TASK DESCRIPTION
Reproduce, exactly and in full, only the lines below from the one containing "globe at (-0.043, -0.064, 2.065)" through the one containing "Frame: camera, x".

______

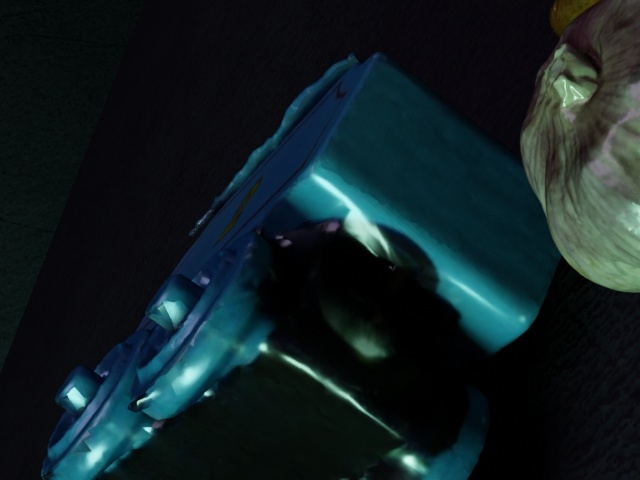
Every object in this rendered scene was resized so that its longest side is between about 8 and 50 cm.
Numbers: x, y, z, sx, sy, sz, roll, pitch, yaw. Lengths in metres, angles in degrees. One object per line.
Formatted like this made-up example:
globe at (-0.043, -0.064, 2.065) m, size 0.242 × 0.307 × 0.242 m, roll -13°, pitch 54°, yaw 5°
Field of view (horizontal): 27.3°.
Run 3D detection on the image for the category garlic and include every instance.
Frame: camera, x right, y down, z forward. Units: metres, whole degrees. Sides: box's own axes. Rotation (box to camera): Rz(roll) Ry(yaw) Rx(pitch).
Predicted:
garlic at (0.149, -0.057, 0.589) m, size 0.159 × 0.102 × 0.147 m, roll -68°, pitch 20°, yaw 0°

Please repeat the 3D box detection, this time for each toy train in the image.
toy train at (-0.014, 0.056, 0.762) m, size 0.300 × 0.188 × 0.265 m, roll -42°, pitch 16°, yaw 52°

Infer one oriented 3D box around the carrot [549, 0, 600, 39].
carrot at (0.172, -0.142, 0.707) m, size 0.161 × 0.055 × 0.055 m, roll -19°, pitch 51°, yaw 69°
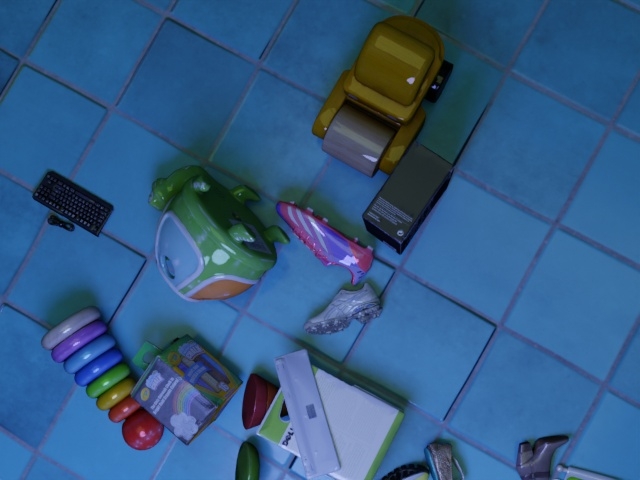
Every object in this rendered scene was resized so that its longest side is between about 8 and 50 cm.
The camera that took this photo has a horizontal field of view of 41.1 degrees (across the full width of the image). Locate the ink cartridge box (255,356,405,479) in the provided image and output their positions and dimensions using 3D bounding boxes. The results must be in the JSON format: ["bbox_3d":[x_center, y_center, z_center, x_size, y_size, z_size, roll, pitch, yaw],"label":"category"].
[{"bbox_3d":[0.023,0.385,1.793,0.255,0.097,0.189,27,79,8],"label":"ink cartridge box"}]

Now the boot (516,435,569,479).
[{"bbox_3d":[0.467,0.460,1.789,0.118,0.042,0.087,-11,90,5],"label":"boot"}]

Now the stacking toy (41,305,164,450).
[{"bbox_3d":[-0.457,0.311,1.850,0.141,0.141,0.330,-35,89,1],"label":"stacking toy"}]

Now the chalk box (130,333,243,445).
[{"bbox_3d":[-0.299,0.298,1.808,0.213,0.132,0.132,40,114,7],"label":"chalk box"}]

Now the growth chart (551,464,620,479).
[{"bbox_3d":[0.552,0.594,1.775,0.171,0.021,0.237,5,84,7],"label":"growth chart"}]

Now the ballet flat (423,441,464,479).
[{"bbox_3d":[0.274,0.521,1.785,0.067,0.073,0.206,-12,87,-10],"label":"ballet flat"}]

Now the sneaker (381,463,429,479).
[{"bbox_3d":[0.151,0.550,1.793,0.208,0.081,0.094,-37,90,8],"label":"sneaker"}]

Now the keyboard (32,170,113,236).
[{"bbox_3d":[-0.569,-0.072,1.940,0.180,0.023,0.108,29,88,8],"label":"keyboard"}]

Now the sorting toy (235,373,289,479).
[{"bbox_3d":[-0.109,0.471,1.817,0.126,0.127,0.366,8,83,-17],"label":"sorting toy"}]

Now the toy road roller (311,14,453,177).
[{"bbox_3d":[0.131,-0.314,1.788,0.202,0.240,0.330,29,88,8],"label":"toy road roller"}]

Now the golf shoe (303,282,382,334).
[{"bbox_3d":[0.042,0.148,1.852,0.176,0.069,0.086,-18,63,0],"label":"golf shoe"}]

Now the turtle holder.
[{"bbox_3d":[-0.251,-0.016,1.799,0.320,0.243,0.227,44,107,-1],"label":"turtle holder"}]

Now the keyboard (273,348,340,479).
[{"bbox_3d":[-0.028,0.353,1.748,0.072,0.014,0.256,-15,74,-7],"label":"keyboard"}]

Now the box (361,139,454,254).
[{"bbox_3d":[0.178,-0.081,1.751,0.103,0.261,0.184,37,88,7],"label":"box"}]

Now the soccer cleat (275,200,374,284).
[{"bbox_3d":[0.000,0.000,1.853,0.248,0.083,0.095,31,88,4],"label":"soccer cleat"}]

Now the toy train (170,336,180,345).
[{"bbox_3d":[-0.262,0.267,1.878,0.158,0.027,0.036,39,79,7],"label":"toy train"}]
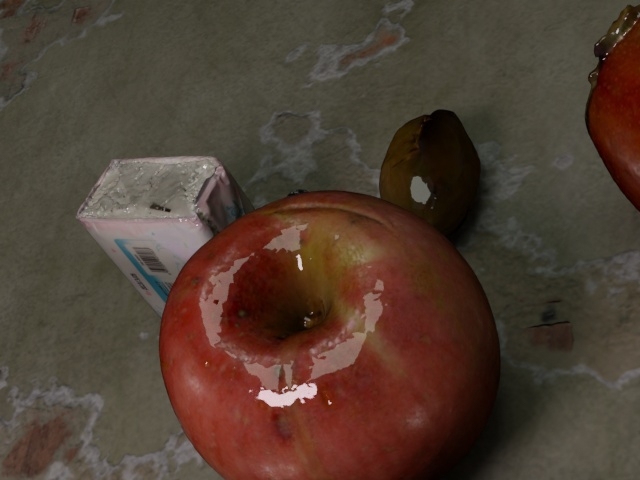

______

ANSWER
globe at (-0.043, -0.064, 2.065) m, size 0.242 × 0.307 × 0.242 m, roll -13°, pitch 54°, yaw 5°
Field of view (horizontal): 27.3°.
Run 3D detection on the image for the category garlic and include every instance.
Frame: camera, x right, y down, z forward. Units: metres, whole degrees. Sides: box's own axes. Rotation (box to camera): Rz(roll) Ry(yaw) Rx(pitch).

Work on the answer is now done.